Dark/Light Mode

Jurnalistik Ofensif: Najwa Versus Luhut

Kamis, 8 Oktober 2020 07:57 WIB
Prof. Tjipta Lesmana
Prof. Tjipta Lesmana

 Sebelumnya 
Dalam ilmu jurnalistik, jurnalistik yang diterapkan Nana yang cenderung menyerang ketika mewawancarai narsum disebut offensive journalism, jurnalisme ofensif: Serang dan serang terus hingga narsum “kepepet”. Dalam proses menyerang, Nana memang kerap melontarkan humor dan guyon sebagai “bumbunya” untuk memancing pemirsa tertawa...... Namun, tidak jarang humor yang dilemparkan Nana adakalanya bernuansa melecehkan/menertawakan narsum juga.
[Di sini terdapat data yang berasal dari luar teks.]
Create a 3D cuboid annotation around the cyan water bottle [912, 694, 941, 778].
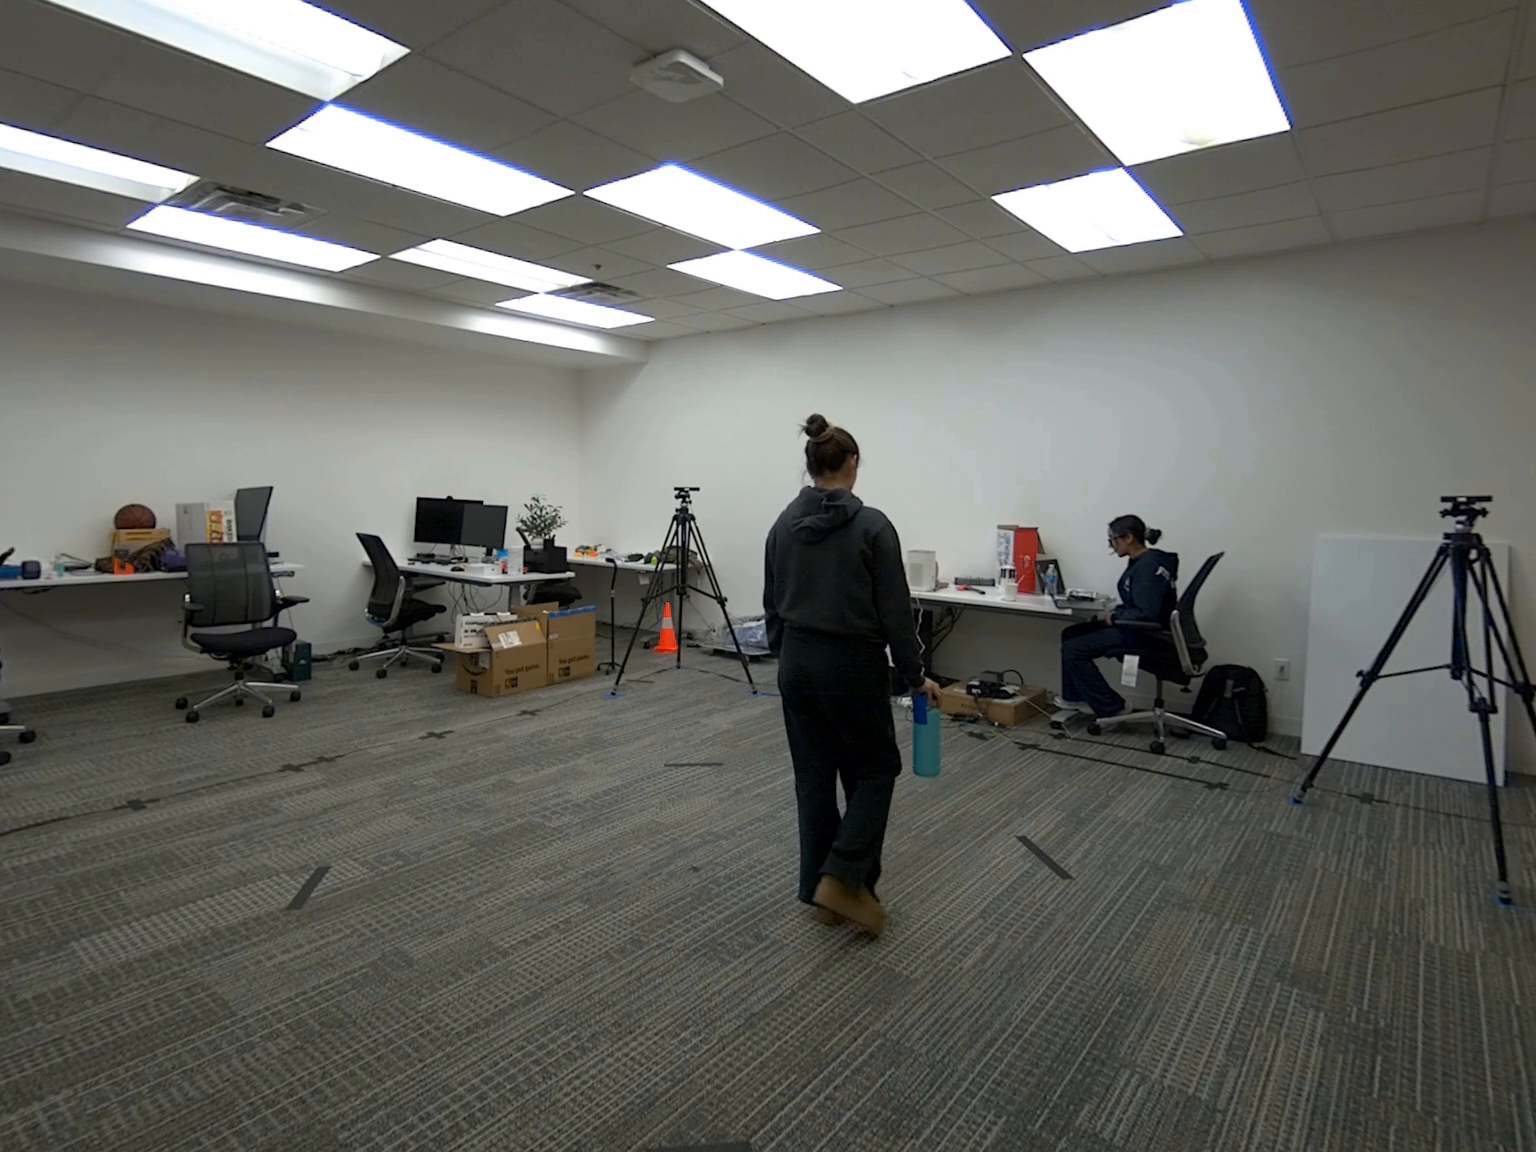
[{"bbox_3d":[0.514,0.507,2.755,0.092,0.282,0.093,0,5,-2],"label":"cyan water bottle"}]

Seorang pakar etika jurnalistik dari SUNY University di New York, Shakuntala Rao, mengemukakan jurnalistik ofensif tidak beda dengan tabloid journalism. Artinya, dalam jurnaliatik ofensif, Anda boleh omong apa saja, termasuk materi atau pendapat yang mungkin dapat membangkitkan amarah dan kebencian komunikan. Bebas bicara apa saja, seolah tidak ada limitasi etika. Jurnalistik jenis ini tidak jarang bisa menjebloskan pewawancara jatuh dalam jebakan, relativist trap, tanpa disadarinya.

Baca juga : Pagi Ini, 55 Tahun Yang Lalu

Apa sebab Nana punya kebiasaan menyerang dan menyerang narsum ketika berwawancara? Mungkin Nana merasa sudah begitu hebat popularitasnya sehingga boleh bicara apa saja dengan gaya apa saja. Tujuannya, mungkin untuk lebih melambungkan popularitasnya dan rating program yang diasuhnya. Maka, seorang mantan diplomat senior kita berkilah “Najwa succumbs from the ills of her imagined fame”, ia jatuh dalam perangkap persepsinya sebagai jurnalis sangat kondang.

Jurnalis yang mempersepsikan dirinya punya nama meroket tiba-tiba digebuk oleh seorang “super minister” bernama Luhut Binsar Pandjaitan, Menteri Koordinator Maritim dan Investasi.

Baca juga : Skandal Pinangki Dan Mimpi Ketemu Pak Ali Said

Tipe menteri kita yang satu ini sebetulnya juga punya watak mirip-mirip Nana. Di mana-mana Luhut kerap menampilkan dirinya sebagai menteri yang serba tahu, serba benar dan serba bijak. Arogan? Entah kebetulan atau tidak, selama hampir 6 tahun jadi pembantu dekat Presiden Jokowi, Luhut mendapat tugas macam-macam dari presiden, kerap melampaui tugas resmi yang diembannya. Ketika merayakan HUT Konperensi Asia Afrika pada 2015, Luhut-lah yang ditunjuk sebagai Ketua Panitia. Ketika Bank Dunia dan IMF menyelenggarakan konperensi internasional di Bali, dihadiri oleh sekian puluh kepala negara dan perdana menteri, Luhut juga yang tampil sebagai Ketua Panitia. Dia banyak bicara dan buat rencana tentang pariwisata. Proyek Danau Toba seolah miliknya; seolah Menteri Pariwisara kita non-job. Urusan pariwisata di kepulauan Bajo, Luhut juga yang paling tampil.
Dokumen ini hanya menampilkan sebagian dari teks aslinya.